Творима он узнал по походке: управляющий спускался из верхней горницы неспешно, топал тяжело, уверенно, чисто был тут хозяином. Хотя и впрямь мало ли на что рассчитывал Творим, когда от его умелых действий теперь все зависело? Та же хозяйка Мирина должна будет ему угождать, если не хочет потерять столь рачительного работника.
А вот Озар с ним особо не церемонился.
– Эй, а ну не спеши уходить, почтенный!
Творим повернулся медленно, на лице – суровое выражение. На окрик Озара выгнул бровь изумленно.
– Это ты меня?
– Говорить будем, – шагнув к нему, заявил Озар.
Творим вскинул голову:
– Некогда мне лясы с тобой точить. Я битый час с госпожой наверху беседовал. Утомился. Поди-ка объясни ей теперь все дела хозяйские. С такой красой, да еще несведущей и не привыкшей к делу, и по миру пойти недолго. Все-то гостинцы да наряды у нее на уме. А я…

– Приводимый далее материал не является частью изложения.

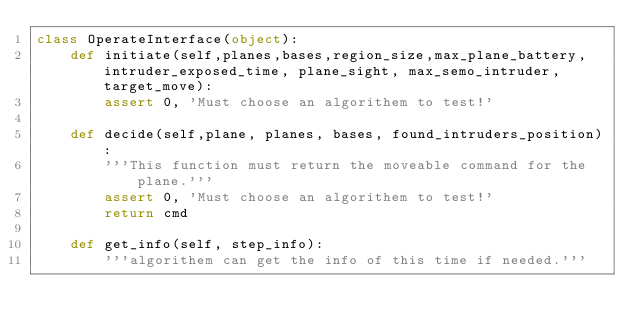<code> <loc_0><loc_0><loc_500><loc_500><_Python_>class OperateInterface(object):
    def initiate(self,planes,bases,region_size,max_plane_battery,intruder_exposed_time, plane_sight, max_semo_intruder, target_move):
        assert 0, 'Must choose an algorithem to test!'

    def decide(self,plane, planes, bases, found_intruders_position):
        '''This function must return the moveable command for the plane.'''
        assert 0, 'Must choose an algorithem to test!'
        return cmd

    def get_info(self, step_info):
        '''algorithem can get the info of this time if needed.'''
</code> 
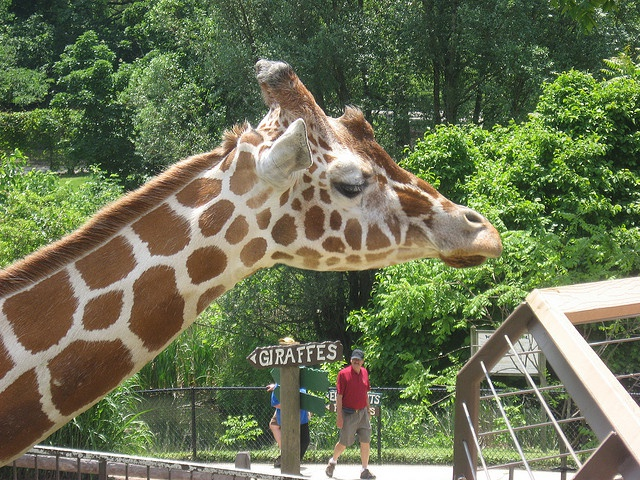Describe the objects in this image and their specific colors. I can see giraffe in black, maroon, darkgray, and gray tones, people in black, gray, maroon, and brown tones, people in black, blue, and gray tones, and people in black, gray, tan, and darkgray tones in this image. 
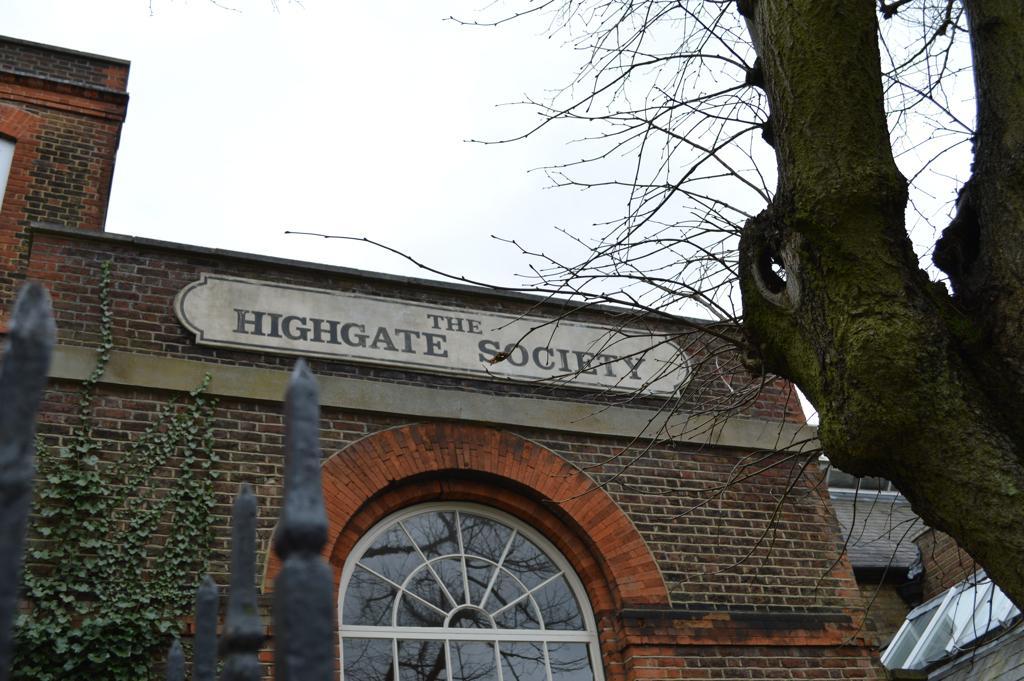In one or two sentences, can you explain what this image depicts? In this image, we can see walls, glass objects, plants, tree and rods. In the middle of the image, we can see a board with text on the wall. At the top of the image, we can see the sky. 
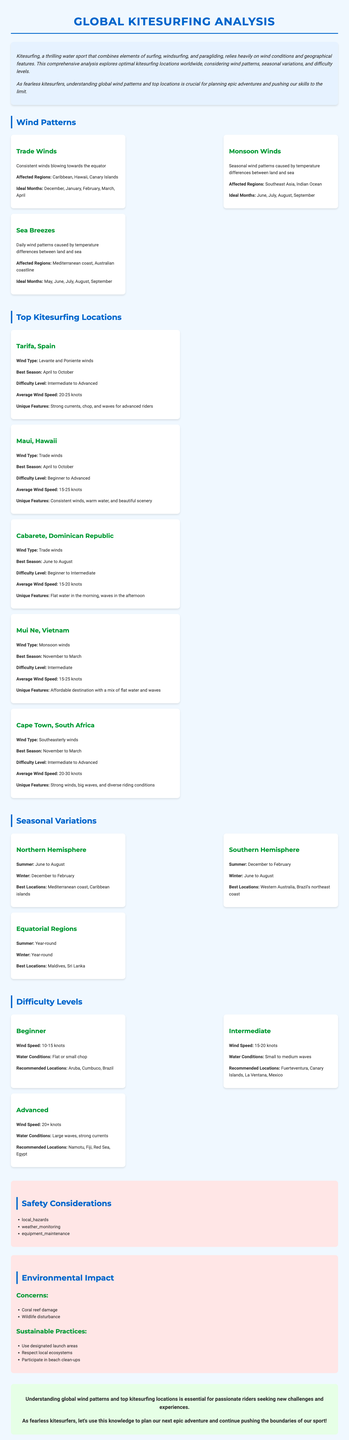What are the ideal months for trade winds? The ideal months for trade winds, as noted in the wind patterns section, include December, January, February, March, and April.
Answer: December, January, February, March, April Which kitesurfing location has an average wind speed of 20-30 knots? Cape Town, South Africa is specified to have an average wind speed of 20-30 knots as highlighted in the top kitesurfing locations section.
Answer: Cape Town, South Africa What is the difficulty level for Mui Ne, Vietnam? The difficulty level for Mui Ne, Vietnam is categorized as Intermediate according to the description in the top kitesurfing locations section.
Answer: Intermediate How many recommended locations are there for advanced kitesurfers? The advanced difficulty level lists two recommended locations, specifically Namotu, Fiji and the Red Sea, Egypt.
Answer: Two What weather monitoring considerations are mentioned in the report? The report notes that kitesurfers should monitor wind forecasts, tide charts, and storm warnings for safety.
Answer: Wind forecasts, tide charts, storm warnings What is the best season to kitesurf in Cabarete, Dominican Republic? The report specifies that the best season for kitesurfing in Cabarete, Dominican Republic is June to August.
Answer: June to August Which hemisphere has its summer from December to February? The southern hemisphere is outlined to have its summer from December to February in the seasonal variations section.
Answer: Southern hemisphere What type of wind pattern affects the Australian coastline? Sea breezes are identified as the wind pattern affecting the Australian coastline based on the wind patterns section.
Answer: Sea breezes 
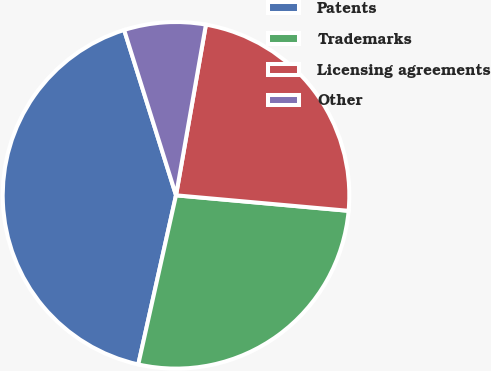Convert chart to OTSL. <chart><loc_0><loc_0><loc_500><loc_500><pie_chart><fcel>Patents<fcel>Trademarks<fcel>Licensing agreements<fcel>Other<nl><fcel>41.67%<fcel>27.07%<fcel>23.67%<fcel>7.6%<nl></chart>

Но Озар не стал слушать его ворчание, просто кивнул, мол, иди за мной, – и вышел на широкое гульбище.
Это было не самое укромное место для беседы. Да, само гульбище было просторным – видать, тут за столом немало гостей принимал покойный Дольма, – но перед тем, как спать укладываться, то и дело кто-то шнырял мимо. Чернавка бадейку с водой пронесла в покои, другая возилась, протирая стол после вечерней трапезы, и Озар велел ей не суетиться, уйти. Тихон, завидев волхва, подбежал и хотел посидеть рядышком, но Озар, взлохматив мальчишке волосы, по-доброму попросил оставить их с Творимом.
– Эко ты тут уже распоряжаешься по-хозяйски, – заметил тиун. – Одно слово волхв. Привык повелевать.

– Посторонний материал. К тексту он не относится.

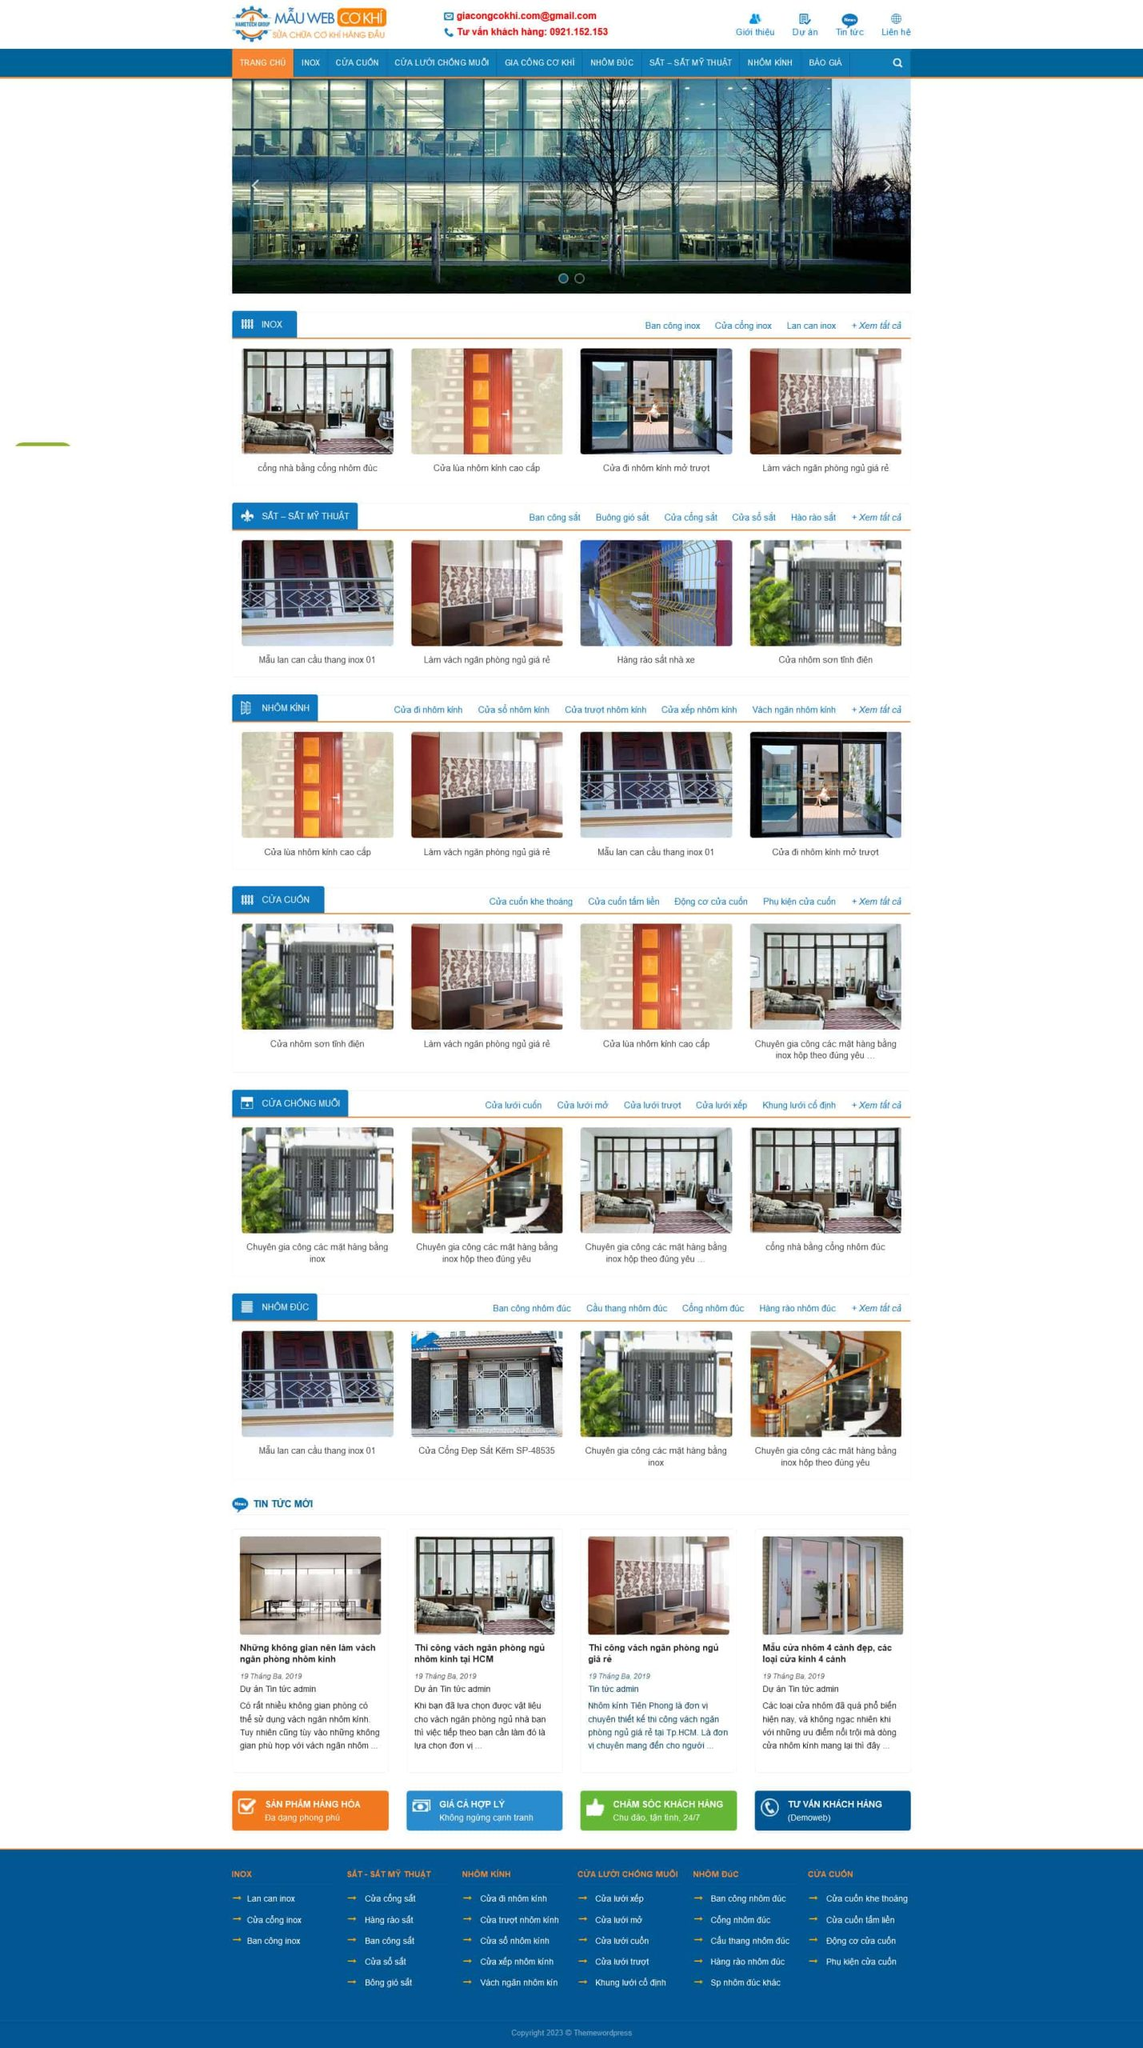Liệt kê 5 ngành nghề, lĩnh vực phù hợp với website này, phân cách các màu sắc bằng dấu phẩy. Chỉ trả về kết quả, phân cách bằng dấy phẩy
 Công nghiệp sản xuất cửa, Công nghiệp sản xuất nhôm kính, Xây dựng và kiến trúc, Nội thất và trang trí nội thất, Sắt mỹ thuật

Озар отошел в дальний конец гульбища, прислонился плечом к резному столбику-подпоре.
– Пока тут переговорим, Творим, слуга хозяйский.
Назвав тиуна «слугой», Озар сразу напомнил ему, что он тут тоже всего лишь подчиненный. Твориму это не понравилось, он насупился, хмуро посмотрел на волхва из-под надвинутой до бровей меховой шапки. Но Озар держался с ним так, как привык еще в бытность свою почитаемым волхвом-служителем – величественно и властно. Сразу приступил к делу:
– Ответь-ка, Творим, где ты находился, когда в реку Почайну все вслед за Дольмой вошли?

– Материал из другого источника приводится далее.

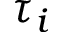<formula> <loc_0><loc_0><loc_500><loc_500>\tau _ { i }</formula> 
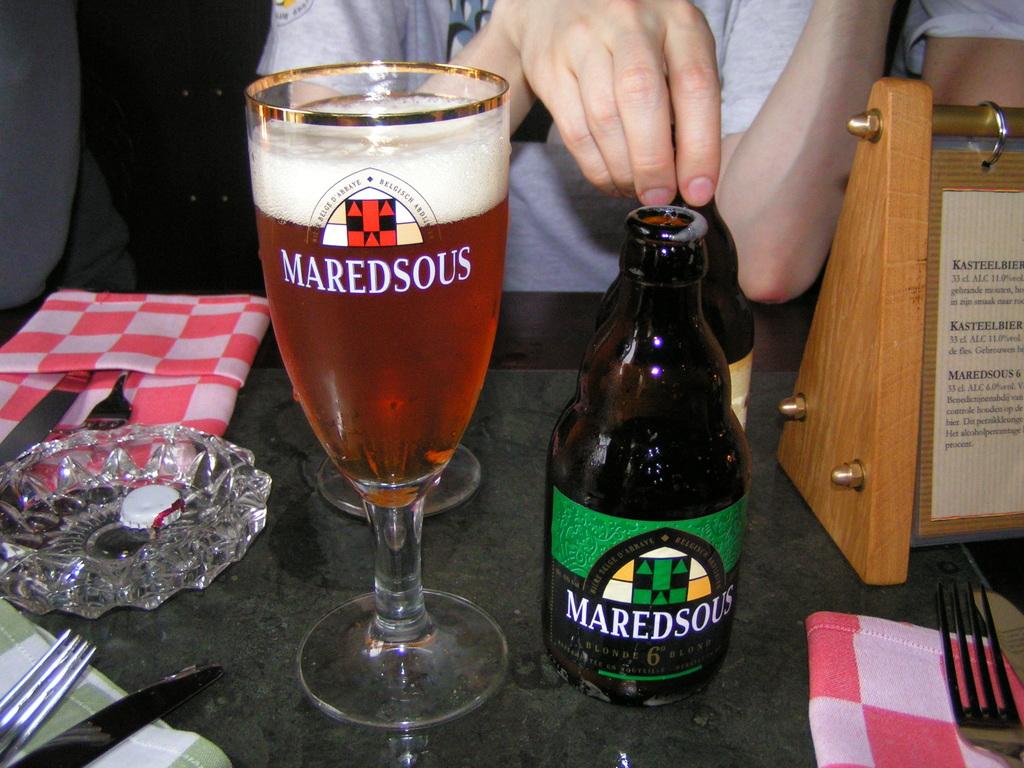What is the brand of alcohol?
Your response must be concise. Maredsous. What type of beer is this?
Offer a very short reply. Maredsous. 
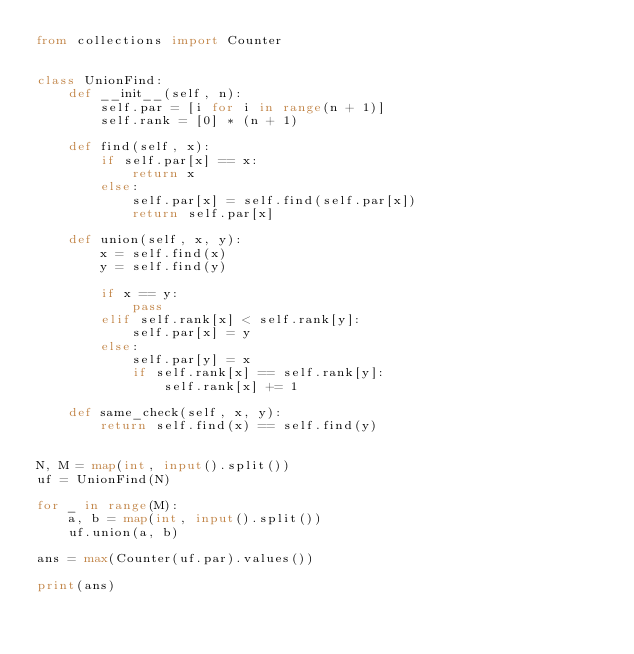Convert code to text. <code><loc_0><loc_0><loc_500><loc_500><_Python_>from collections import Counter


class UnionFind:
    def __init__(self, n):
        self.par = [i for i in range(n + 1)]
        self.rank = [0] * (n + 1)

    def find(self, x):
        if self.par[x] == x:
            return x
        else:
            self.par[x] = self.find(self.par[x])
            return self.par[x]

    def union(self, x, y):
        x = self.find(x)
        y = self.find(y)

        if x == y:
            pass
        elif self.rank[x] < self.rank[y]:
            self.par[x] = y
        else:
            self.par[y] = x
            if self.rank[x] == self.rank[y]:
                self.rank[x] += 1

    def same_check(self, x, y):
        return self.find(x) == self.find(y)


N, M = map(int, input().split())
uf = UnionFind(N)

for _ in range(M):
    a, b = map(int, input().split())
    uf.union(a, b)

ans = max(Counter(uf.par).values())

print(ans)</code>

При этом на самого Творима будто и не смотрел. Но по тени его отметил, что тиун даже отшатнулся.
– Что спрашиваешь? Думаешь, я душегубец? Да я дружен был с Дольмой, мы нередко по душам беседовали, он уважал меня. А ты…
– Я всех расспрашивать стану. С тебя вот начал…
– Чего это – с меня? Я в стороне тогда был! Почитай, позади всех. Я давно говорил хозяину, что готов веру Христову принять… ну, чтобы он своим меня счел, чтобы доверия мне еще больше было. А когда входили в реку во время обряда, хозяин на меня и не смотрел. Знал, что буду со всеми, что не подведу.
Как там насчет того, кто с готовностью шел в Почайну, а кто по приказу, Озара не волновало. Но, порасспросив тиуна, он понял, что тот лжет. Чтобы такой, как Творим, всяких скотников и чернавок вперед пропустил? Когда же Озар сказал об этом Твориму, тот просто соловьем запел: дескать, он же не из ближней челяди соляного купца, не его дворовой, потому и держался в стороне. Но о том, кто и где из ближников и домашних тогда был, помнил хорошо. Так, подле самого Дольмы Мирина-супружница была, рядом находился и Радко, а следом Жуяга толкал в воде кресло увечного Вышебора. Ну и Яра, ключница белобрысая, ступала с ними, может, немного сбоку; возле нее были кухарка Голица и ее муж Лещ, старый и верный работник в этом доме.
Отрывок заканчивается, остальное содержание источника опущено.